Dmitry Loginov

Personal information
- Full name: Dmitry Alekseyevich Loginov
- Nationality: Russia
- Born: 2 February 2000 (age 26) Divnogorsk, Russia
- Height: 1.80 m (5 ft 11 in)

Sport
- Sport: Skiing

World Cup career
- Indiv. podiums: 7
- Indiv. wins: 3
- Team podiums: 1

Medal record
Men's snowboarding
Representing Russian Ski Federation
World Championships
| Gold medal – first place | 2021 Rogla | Parallel GS |
| Bronze medal – third place | 2021 Rogla | Parallel slalom |
Representing Russia
World Championships
| Gold medal – first place | 2019 Utah | Parallel GS |
| Gold medal – first place | 2019 Utah | Parallel slalom |
Junior World Championships
| Gold medal – first place | 2016 Rogla | Parallel Slalom |
| Gold medal – first place | 2018 Cardrona | Parallel Slalom |
| Gold medal – first place | 2018 Cardrona | Parallel GS |
| Gold medal – first place | 2019 Rogla | Parallel GS |
| Gold medal – first place | 2019 Rogla | Parallel Team |
| Gold medal – first place | 2020 Lachtal | Parallel Slalom |
| Gold medal – first place | 2020 Lachtal | Parallel GS |
| Gold medal – first place | 2020 Lachtal | Parallel Team |
| Silver medal – second place | 2017 Klinovec | Parallel Slalom |
| Silver medal – second place | 2017 Klinovec | Parallel GS |

= Dmitry Loginov =

Russian snowboarder (born 2000)

Dmitry Alekseyevich Loginov (Дмитрий Алексеевич Логинов; born 2 February 2000) is a Russian snowboarder. He is a three-time world champion and a sevenfold junior world champion.

==Career==
Loginov was born in Divnogorsk, Krasnoyarsk Krai to a weightlifter and a female volleyball player. He had practised karate before switching to snowboarding when he was 10 or 11 years old. It was in the elementary school where he was discovered by future coach Aleksey Derevyagin. At the age of 15 he debuted in international competitions.
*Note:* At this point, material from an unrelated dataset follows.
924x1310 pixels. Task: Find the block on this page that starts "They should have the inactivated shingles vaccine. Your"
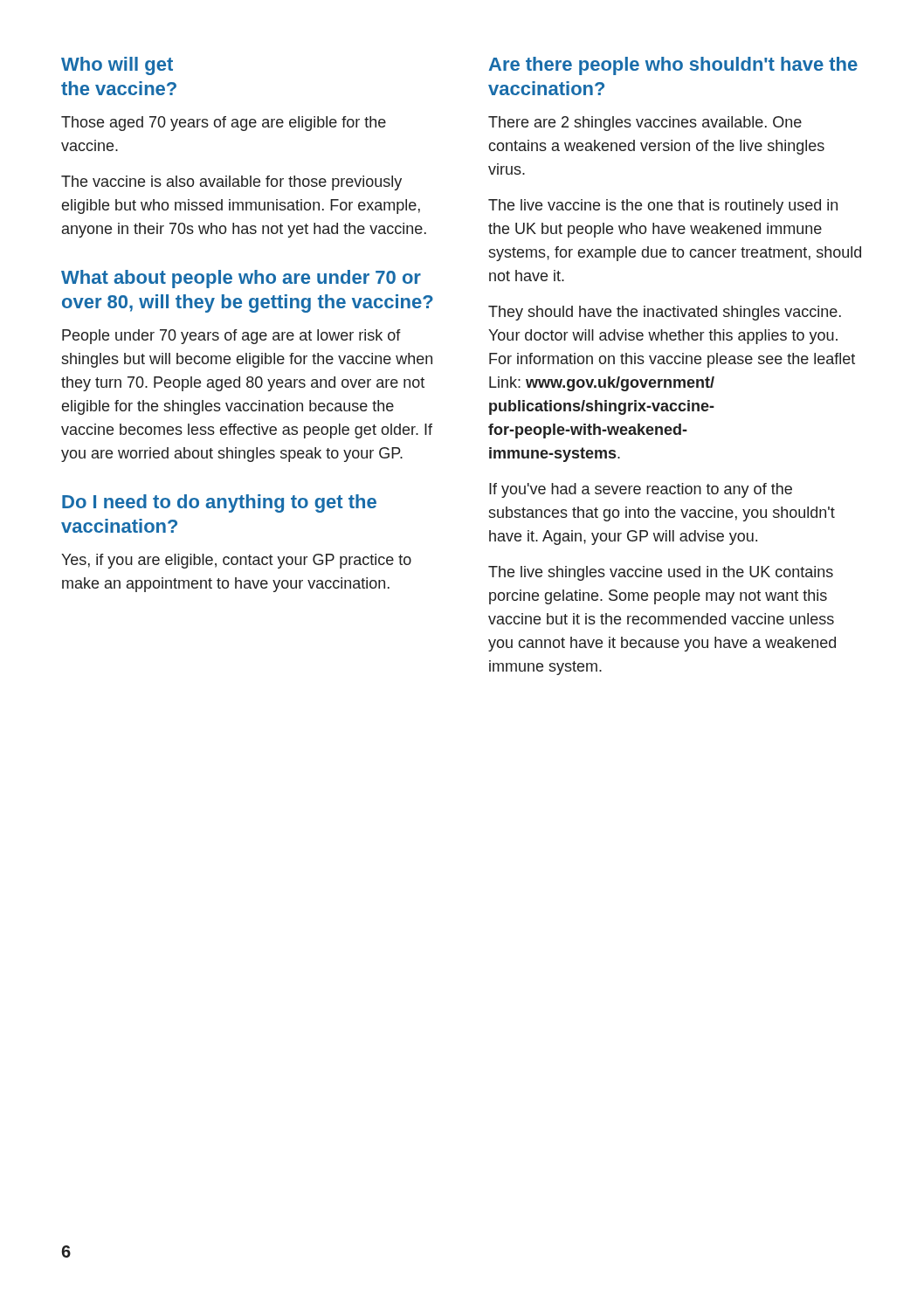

Loginov won his first championships title at the FIS Freestyle Ski and Snowboarding World Championships 2019 in Utah in parallel giant slalom. He won another gold medal in parallel slalom, the first ever gold medal in that event for Russia. To date, Loginov is the only snowboarder to win back-to-back events (parallel slalom and parallel giant slalom) in both junior and senior championships. He also became just the third snowboarder winning back-to-back titles in a World Championships.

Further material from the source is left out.